Commissaris Borg heeft toegezegd de resultaten van het sinds 2004
operationele waarnemersprogramma versneld te zullen analyseren. Ik
onderschrijf de actie van de Commissaris.
b. Implementatie van het Veterinair Memorandum met de Russische
Federatie
Commissaris Kyprianou gaf kort de stand van zaken weer van de
uitvoering van het veterinair memorandum met de Russische
Federatie dat sinds 1 januari jl. in werking is getreden.
Volgens de Commissaris is de overgang zonder noemenswaardige
problemen verlopen. De Commissaris zei bekend te zijn met het feit
dat sommige lidstaten, door onder andere de dierziektesituatie in
de betreffende lidstaten, niet aan bepaalde invoereisen kunnen
voldoen. De Commissie is echter huiverig om de onderhandelingen
over de invoereisen op dit moment weer te starten. In een later
stadium zal dit zeker gebeuren, hiervoor bestaat ook ruimte in het
door beide partijen getekende memorandum.
c. Droogte in Portugal
Portugal vroeg de Raad begrip voor de aanhoudende droogte in het
land. Sinds september 2004 ligt de neerslag ver beneden het
jaarlijkse gemiddelde met alle gevolgen van dien voor de
agrarische sector. Het land informeerde de Raad ook over de
maatregelen die het land heeft getroffen om de situatie voor de
sector te verlichten.
d. Organisatie van de toekomstige werkzaamheden
De zitting van de volgende Landbouw- en Visserijraad is voorzien
op 26 april in Luxemburg.
Tot slot wil ik hier ingaan op het verzoek van lid Oplaat (VVD)

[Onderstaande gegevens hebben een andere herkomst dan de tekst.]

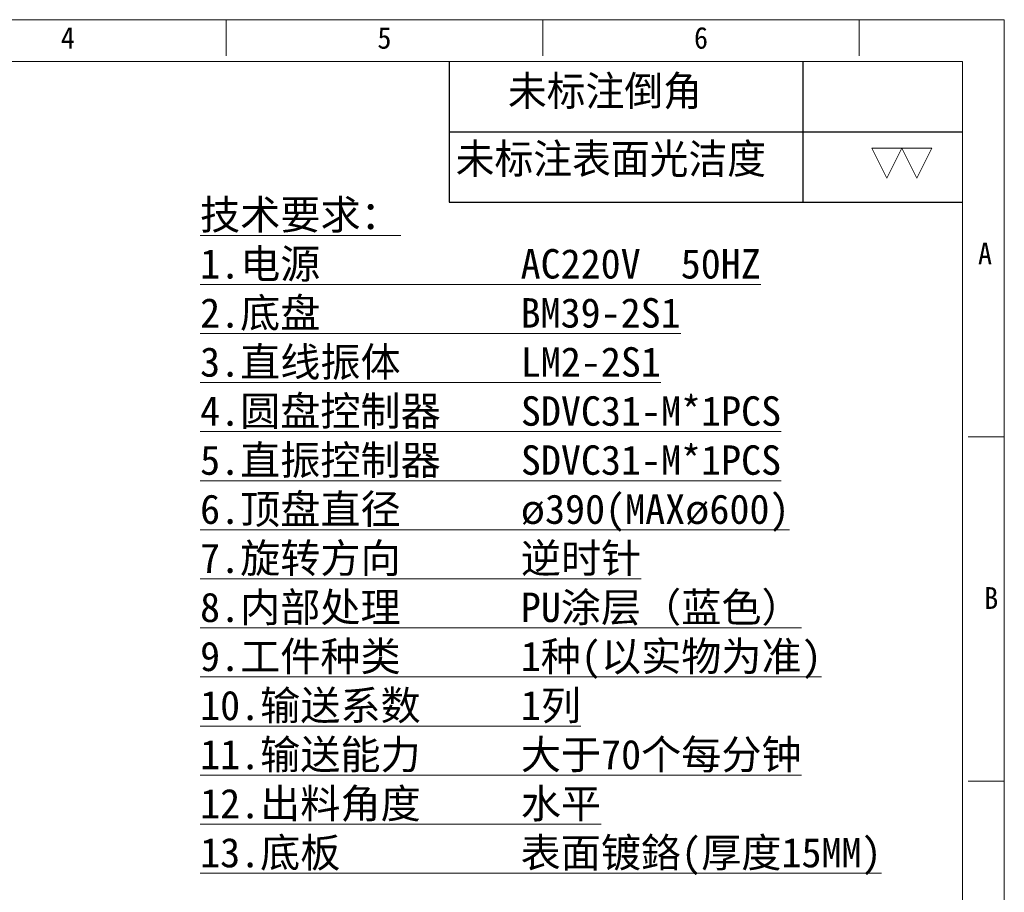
# Model space of a CAD drawing. Header units: millimetres. Extents: x -24622 to 2314, y -1603 to 2287.
# Tile 123 of 236: x -2285 to -1102, y 1240 to 2287. Entities that reach past the tile are written whole.
import ezdxf
from ezdxf.enums import TextEntityAlignment as Align

# ---------------------------------------------------------------- set-up
doc = ezdxf.new("R2010")
doc.units = ezdxf.units.MM
doc.layers.add('用户自定义1', color=4, linetype='Continuous', lineweight=13)
doc.styles.add('样式 2', font='simkai.ttf', dxfattribs={"width": 0.95})

# ---------------------------------------------------------------- blocks, each defined once
blk = doc.blocks.new('SW_NOTE_15')
at = {"color": 0, "linetype": 'Continuous', "lineweight": 0}
for p, q in [((0, 0), (-1.75, 3.5)), ((-1.75, 3.5), (1.75, 3.5)), ((0, 0), (1.75, 3.5))]:
    blk.add_line(p, q, dxfattribs=at)

msp = doc.modelspace()

# ---------------------------------------------------------------- linework, layer by layer
at = {"color": 7, "linetype": 'Continuous', "lineweight": 25}
for p, q in [((-1768.787, 2237.3), (-1768.787, 2068.432)), ((-1344.272, 2237.3), (-1344.272, 2068.432)), ((-1768.787, 2152.866), (-1152.396, 2152.866)), ((-1768.787, 2068.432), (-1152.396, 2068.432))]:
    msp.add_line(p, q, dxfattribs=at)
at = {"layer": '用户自定义1', "color": 0, "lineweight": 15, "ltscale": 0.3}
for p, q in [((-2036.667, 2243.829), (-2036.667, 2287.353)), ((-1656.554, 2243.829), (-1656.554, 2287.353)), ((-1276.412, 2243.829), (-1276.412, 2287.353)), ((-1102.343, 2287.353), (-1102.343, 235.178)), ((-3975.388, 2237.3), (-1152.396, 2237.3)), ((-1152.396, 2237.3), (-1152.396, 285.231)), ((-1145.868, 1786.823), (-1102.343, 1786.823)), ((-1145.868, 1373.341), (-1102.343, 1373.341)), ((-1145.868, 1373.341), (-1102.343, 1373.341))]:
    msp.add_line(p, q, dxfattribs=at)
msp.add_lwpolyline([(-4025.441, 2287.353), (-1302.556, 2287.353), (-1102.343, 2287.353)], dxfattribs=at)

# ---------------------------------------------------------------- block references
at = {"color": 7, "linetype": 'Continuous', "lineweight": 25, "xscale": 10.26859428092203, "yscale": 10.26859428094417, "zscale": 10.26859428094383}
for p in [(-1243.305, 2097.274), (-1207.365, 2097.274)]:
    msp.add_blockref('SW_NOTE_15', p, dxfattribs=at)

# ---------------------------------------------------------------- texts
at = {"color": 7, "linetype": 'Continuous', "lineweight": 25, "char_height": 35.9401, "attachment_point": 1, "style": '样式 2'}
for s, insert in [('未标注倒角', (-1698.291, 2219.827)), ('未标注表面光洁度', (-1761.036, 2138.421))]:
    msp.add_mtext(s, dxfattribs=dict(at, insert=insert))
at = {"lineweight": 9, "ltscale": 0.4, "insert": (-2067.946, 2070.889), "char_height": 35.33164, "width": 1114.92014, "attachment_point": 1}
msp.add_mtext('{\\fSimSun|b1|i0|c134|p2;\\L技术要求：\\P1.电源          AC220V  50HZ   \\P2.底盘          BM39-2S1\\P3.直线振体      LM2-2S1\\P4.圆盘控制器    SDVC31-M*1PCS\\P5.直振控制器    SDVC31-M*1PCS  \\P6.顶盘直径      ø390(MAXø600)  \\P7.旋转方向      逆时针         \\P8.内部处理      PU涂层（蓝色）       \\P9.工件种类      1种(以实物为准)\\P10.输送系数     1列            \\P11.输送能力     大于70个每分钟 \\P12.出料角度     水平\\P13.底板         表面镀鉻(厚度15MM) }', dxfattribs=at)
at = {"layer": '用户自定义1', "color": 0, "lineweight": 15, "ltscale": 0.3, "style": '样式 2', "width": 0.95}
for s, p in [('4', (-2226.723, 2252.534)), ('5', (-1846.61, 2252.534)), ('6', (-1466.497, 2252.534)), ('A', (-1125.51, 1993.564)), ('B', (-1118.049, 1580.082))]:
    msp.add_text(s, height=26.115, dxfattribs=at).set_placement(p, align=Align.CENTER)

doc.saveas('drawing.dxf')

tijdens het AO/Europa overleg op 10 maart jl. om een overzicht van
lidstaten waar het inbrengen van een chip bij paarden verplicht is. In
antwoord op dit verzoek kan ik u mededelen dat in Ierland sinds 4
oktober 2004 een chipverplichting geldt voor alle veulens die vanaf
die datum geboren worden. Overige paarden en pony's kunnen worden
gechipt als de eigenaar dat wenst. Ierland heeft geen uitzondering
voor gewetensbezwaarden.
Frankrijk is in 2003 begonnen met een stapsgewijze invoering van de
chipverplichting.
Op dit moment moet bij alle paarden met bestemming slacht (2003), alle
veulens (2004) en alle fokpaarden (2005) een chip worden ingebracht.
Vanaf 2006 geldt deze verplichting ook voor paarden die deelnemen aan
een concours, race of show. Met ingang van 1 januari 2008 moeten alle
paarden in Frankrijk, inclusief de geïmporteerde paarden, zijn
voorzien van een chip. Evenmin als Ierland kent Frankrijk een
uitzonderingsregel voor gewetensbezwaarden.
Andere lidstaten kennen nog geen chipverplichting voor paarden. In
hoeverre zij op korte termijn over zullen gaan op een dergelijke
verplichting is niet bekend.
De minister van Landbouw, Natuur
en Voedselkwaliteit,
dr. C.P. Veerman
1 1) verbetering van de concurrentiekracht van land- en bosbouw
2) milieu en landbeheer
3) diversificatie van de plattelandseconomie en de kwaliteit van het
bestaan op het platteland
4) LEADER
2 Kamerstuk 2004-2005, 21501-32, nr. 115, Tweede Kamer
3 Modulatie is het mechanisme ter versterking van de tweede pijler van
het GLB, waarmee middelen van de rechtstreekse ontkoppelde betalingen
worden afgeroomd ten behoeve van plattelandsontwikkeling.